Exercise:
Pull every line with "object" from the entries below.
======== Data under study
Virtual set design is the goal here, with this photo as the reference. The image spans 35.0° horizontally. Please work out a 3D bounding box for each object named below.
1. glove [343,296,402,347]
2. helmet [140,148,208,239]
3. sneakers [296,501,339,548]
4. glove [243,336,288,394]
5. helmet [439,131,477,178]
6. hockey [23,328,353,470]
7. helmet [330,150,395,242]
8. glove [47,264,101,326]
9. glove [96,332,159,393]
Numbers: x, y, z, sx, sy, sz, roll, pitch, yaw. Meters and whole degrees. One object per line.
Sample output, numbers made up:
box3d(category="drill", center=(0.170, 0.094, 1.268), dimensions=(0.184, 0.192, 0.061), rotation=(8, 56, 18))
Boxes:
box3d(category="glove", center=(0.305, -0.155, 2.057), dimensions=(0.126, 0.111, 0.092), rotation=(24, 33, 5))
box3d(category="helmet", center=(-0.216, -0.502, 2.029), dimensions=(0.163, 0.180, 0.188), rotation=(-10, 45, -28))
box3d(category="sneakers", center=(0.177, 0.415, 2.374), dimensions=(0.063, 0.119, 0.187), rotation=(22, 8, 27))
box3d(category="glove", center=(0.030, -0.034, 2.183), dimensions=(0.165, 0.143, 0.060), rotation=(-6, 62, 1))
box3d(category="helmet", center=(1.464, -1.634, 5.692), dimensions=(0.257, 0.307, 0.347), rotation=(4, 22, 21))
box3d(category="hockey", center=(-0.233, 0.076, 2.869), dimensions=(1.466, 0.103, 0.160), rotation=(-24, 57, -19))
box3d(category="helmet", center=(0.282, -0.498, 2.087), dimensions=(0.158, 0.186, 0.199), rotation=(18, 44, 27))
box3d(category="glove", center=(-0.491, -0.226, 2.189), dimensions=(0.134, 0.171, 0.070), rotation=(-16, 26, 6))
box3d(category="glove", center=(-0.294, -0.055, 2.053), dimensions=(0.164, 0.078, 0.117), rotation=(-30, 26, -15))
================
Finished exercise:
Virtual set design is the goal here, with this photo as the reference. The image spans 35.0° horizontally. Please work out a 3D bounding box for each object named below.
Numbers: x, y, z, sx, sy, sz, roll, pitch, yaw. Meters and whole degrees. One object per line.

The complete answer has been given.